A lightweight Java agent for preventing attacks against object deserialization like those discussed by @breenmachine and the original researchers @frohoff and @gebl, affecting WebLogic, JBoss, Jenkins and more.
Why did you make this?
This is the only way to hotpatch your application against this vulnerability. Patching the code is possible (and this package contains SafeObjectInputStream to help), but for many applications, patches will not be available for a long time. Because of the nature of the vulnerability, some applications will have to re-architect their messaging completely.
How do I use the library?
Build the agent, first:
git clone https://github.com/Contrast-Security-OSS/contrast-rO0.git cd contrast-rO0 mvn clean package test
The agent, contrast-rO0.jar, is now in the /target directory. Now you need to copy the contrast-rO0.jar into your classpath, and copy the configuration file somewhere you'll remember.
The final step is to add the following JVM options to your server or application:
-javaagent:/path/to/contrast-rO0.jar -DrO0.reporting=false -DrO0.blacklist=true -DrOo.lists=filename
where 'filename' is the path to the default config file.
Now you're safe serializing from known dangerous classes!
If you'd prefer to spot fix your code, possibly because you need to use dangerous classes somewhere, or because you need to minimize stability risk, you can use the SafeObjectInputStream class. To use this class, you'll need to replace calls to ObjectInputStream in your code with calls to SafeObjectInputStream.

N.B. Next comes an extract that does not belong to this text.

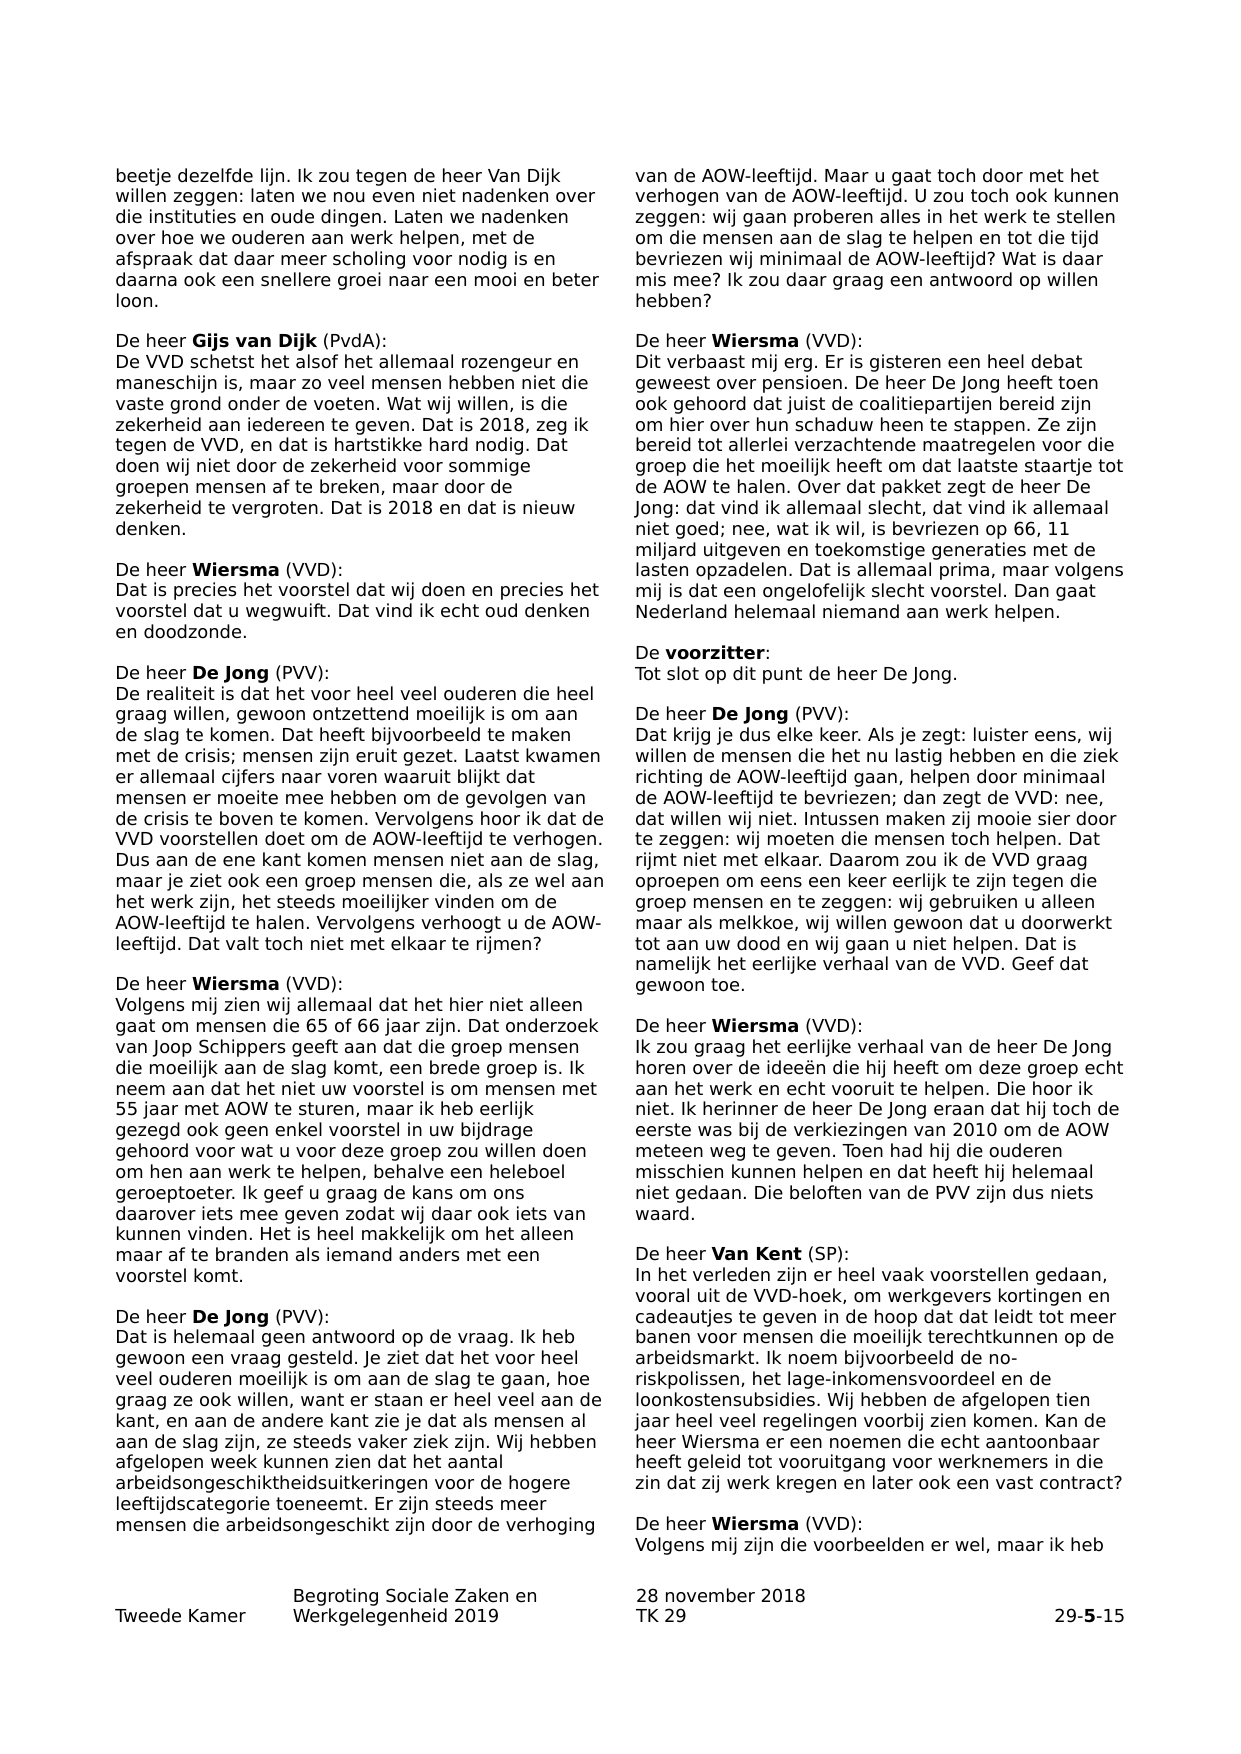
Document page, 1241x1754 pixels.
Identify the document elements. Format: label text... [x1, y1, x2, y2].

When you use SafeObjectInputStream, you can either whitelist or blacklist classes - whitelisting is safer, but blacklisting has lower stability risk. If you want to use this, you don't need the java command line options listed above. Instead, construct your SafeObejctInputStream, tell it if you want to blacklist or whitelist, and add the whitelisted/blacklisted classes to the stream. NOTE: you'll have to repeat this everywhere in your code where you need to implement safe deserialization.
SafeObjectInputStream in = new SafeObjectInputStream(inputStream, true); // whitelisting mode // or // = new SafeObjectInputStream(inputStream, false); // blacklisting mode in.addToWhitelist(ClassThatIsSafeToDeserialize.getName()); in.addToWhitelist("com.my.SafeDeserializable"); // or // in.addToBlacklist(ClassThatIsDangerous.class); // then just use like normal in.readObject();
Reporting on Serialization Usage
The shim can be instructed to report when serialization occurs. This allows you to determine where in your application deserialization is actually occurring - assuming that you exercise the relevant functionality.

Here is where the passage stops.